Under Chapter I of the Convention, letters of request may be sent to the Office of International Cooperation of the French Ministry of Justice in order to allow foreign litigants to avail themselves of the enforcement powers of the French State to collect evidence. If such a letter is sent, it is executed as long as the evidence is valid and cannot be refused on grounds related to the jurisdiction of the courts. If a U.S. party complied with the Hague Convention, it would offer the French side more protection against potentially abusive “fishing expeditions” than if U.S. courts imposed their own evidence-gathering rules and issued an investigation order. Discovery in the UK is a legal process in which evidence is collected and presented as part of a legal dispute or investigation. In today`s modern business world, these documents have gone from filing cabinets to folders on desktops, mobile devices, and servers. The identification and production of all this electronically stored information (ESI) is now commonly referred to as eDiscovery. Although this is only a brief summary of a very large and complex subject, it can be concluded that the discovery in the United States is exhaustive, time-consuming and costly. This is an important phase of any U.S. civil litigation, most of which takes place with little or no legal involvement. What is revealed during the discovery process will inevitably determine how the case will unfold and may even lead to an early resolution before the process even begins.
The parties can force the other to disclose evidence in their possession, and testimony can play a key role. Like “privilege” in England and Wales, the work done by lawyers is not available by disclosure in most states and is protected from discovery, regardless of the subject. Work done in preparation for litigation is also immune if it is done by a lawyer; The work of non-lawyers, on the other hand, would generally be findable. Apart from this narrow exception, parties must disclose a variety of “documents, electronically stored information, and tangible things”[3]. Perhaps the most important difference in approach concerns the presentation of witness statements. While the investigative process in the United States allows lawyers to make radical sworn statements to investigate what a potentially cross-examined witness can say when asked to provide direct evidence (and investigate relevant documents that may exist), in England and Wales there is no trial of testimony and no way to hear a witness for their evidence, until he appears in court. The U.S. discovery is so broad in scope that even after the process is complete, it can impact or force non-U.S. parties to comply with U.S. discovery rules. Foreign parties who enter into contracts with U.S. companies must therefore be clear about the procedures they may need to follow and maintain a clear documentary trail to make an investigation process easier and shorter.

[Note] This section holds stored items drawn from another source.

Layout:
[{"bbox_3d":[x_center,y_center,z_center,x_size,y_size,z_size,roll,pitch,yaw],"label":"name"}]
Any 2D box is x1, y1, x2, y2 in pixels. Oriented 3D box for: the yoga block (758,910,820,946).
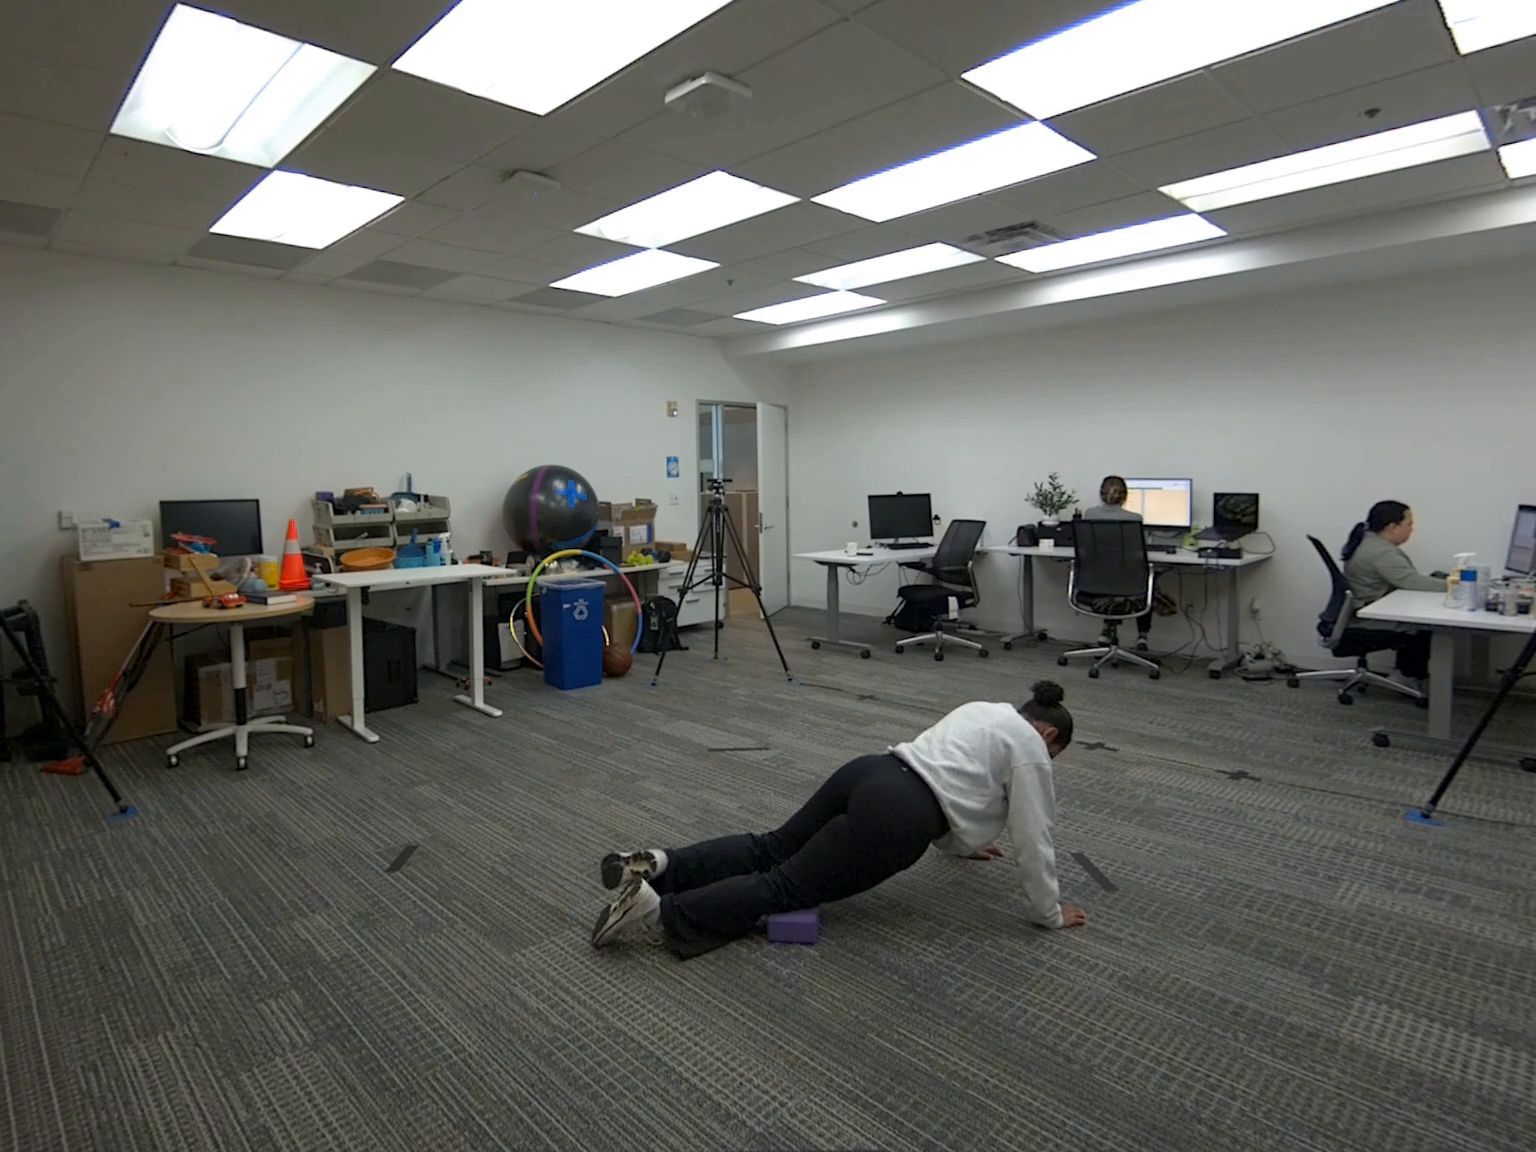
[{"bbox_3d":[0.076,1.049,2.677,0.150,0.076,0.229,-3,6,7],"label":"yoga block"}]
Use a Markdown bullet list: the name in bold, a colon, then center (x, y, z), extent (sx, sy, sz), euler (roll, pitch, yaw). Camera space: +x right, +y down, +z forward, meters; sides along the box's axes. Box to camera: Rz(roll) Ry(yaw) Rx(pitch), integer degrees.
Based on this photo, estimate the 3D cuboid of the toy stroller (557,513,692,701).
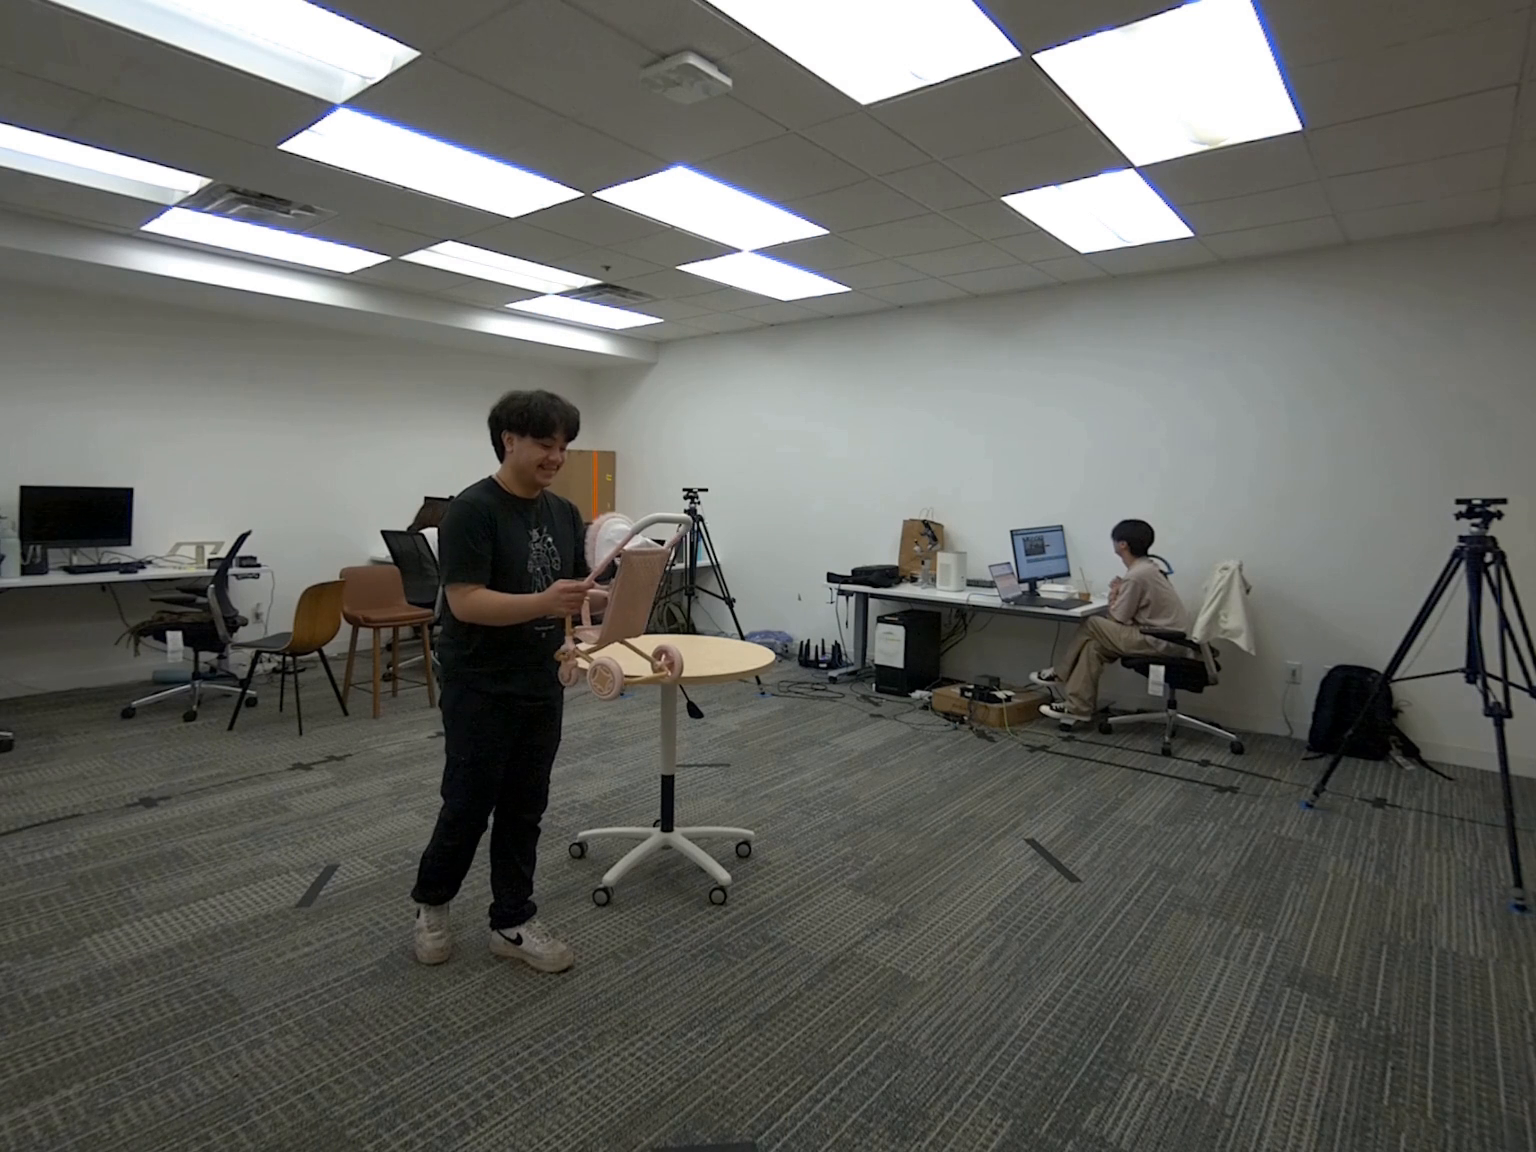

French parties working with U.S. companies should keep in mind the impact that compliance with a U.S. investigation order can have in the event of a conflict. It is important that legal advice is sought on a case-by-case basis to ensure that advance communication is handled with care and with the utmost care. The formal procedure for investigating prosecutions at the federal level is described in article 16 of the Federal Code of Criminal Procedure. [22] Electronic recognition, also known as electronic discovery, involves the recognition of electronic data and records. It is important that the data obtained by eDiscovery is reliable and therefore authorized. [13] The definition of “discovery” in the Act is the exchange of legal information and facts known to a case. Think of discovery as the obtaining and disclosure of each party`s evidence and position in a case so that all parties involved can decide what their best options are – going to trial or negotiating an early settlement. There are a number of tools in the arsenal of preliminary investigations to enable evidence gathering: Ediscovery technology helps to do more than collect, review and create documents for formal discovery requests. Companies in EMEA and APAC without formal eDiscovery rules use the technology in the run-up to litigation or regulatory action, or to redact sensitive information, conduct internal investigations and investigative audits, and manage company data.
French courts, in particular, have resisted the US investigative process, which, unsurprisingly, has seen it as abusive and an interference with the judicial sovereignty of their courts, which is the linchpin of the French legal system. In several countries, blocking laws have been introduced to “impose a sanction on a national for complying with a request for investigation by a foreign court”. [5] Such a law was introduced in France in 1980, prohibiting the collection in writing, orally or otherwise, of “economic information” for use in foreign judicial or administrative proceedings.